I've said it before and I'll say it again: Given a practical and insightful
essay on the day-to-day running of a business and a picture of a cat in a
funny pose, most people will vote for the cat _every time_. Making it harder
to find good comments will only exacerbate this, because it's easy for the
cat-lovers to find silly pictures, so to speak, while carefully reading every
comment on every post for insight takes more time than most people have to
spend on an Internet forum.

In fact, I'll go further, although tentatively: I think authorship is
_probably_ a stronger predictor of comment quality than votes are. For
example, blind contrarianism will almost always take the top spot in a thread
— at least for a while — and even mildly criticizing Apple on a thread where
lots of Apple fans happen to be will get you several downvotes.
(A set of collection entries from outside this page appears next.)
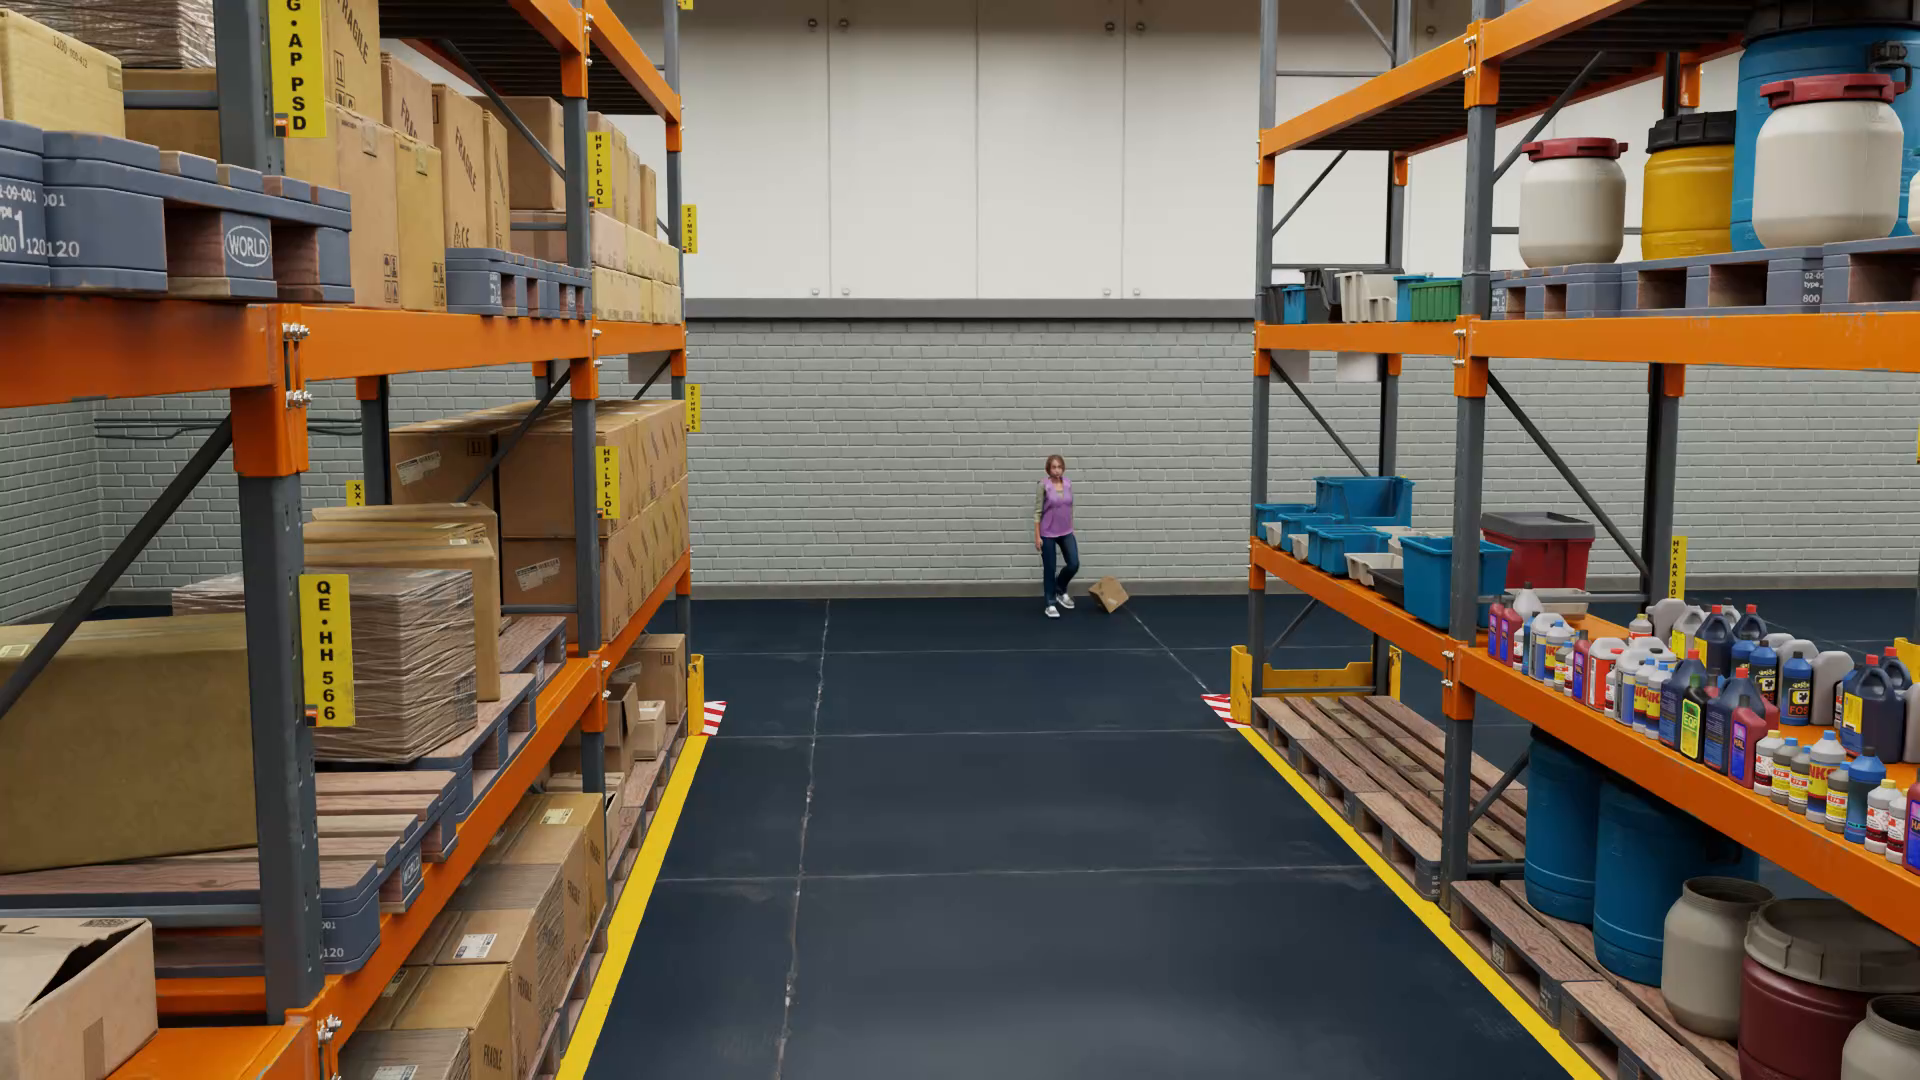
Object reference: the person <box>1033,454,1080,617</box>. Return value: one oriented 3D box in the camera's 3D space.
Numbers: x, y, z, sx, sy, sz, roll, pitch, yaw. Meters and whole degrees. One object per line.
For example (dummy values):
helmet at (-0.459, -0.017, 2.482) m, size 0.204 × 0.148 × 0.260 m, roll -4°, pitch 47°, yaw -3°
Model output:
person at (0.917, -0.028, 16.046) m, size 0.465 × 1.558 × 0.421 m, roll -2°, pitch 7°, yaw -19°

There are so
many factors besides quality and authorship that affect voting — the mere
popularity of a comment's sentiment is often enough to trump everything else.

(EDIT: Thanks, anonymous downvoter, for making my point for me!)

------
lsiebert
I can see how that can be an issue. For me, and this may not be true for
everyone else, I would rather who is posting not dramatically influence how
many votes they get, because I want the comments with the most votes to be the
most informative and valuable.

I don't agree that this is a good solution, because who is posting can be
important to context.

Plus I think good comments tend to head to the top, and may create
conversations... that's why you can reply to comments directly.

Basically you should:

Don't be afraid to make comments.

Vote for comments you think are good.

Explain when and why you like a comment to encourage others to vote for it.

I think you might have a more productive post if you submitted the issue,
instead of floated a particular solution.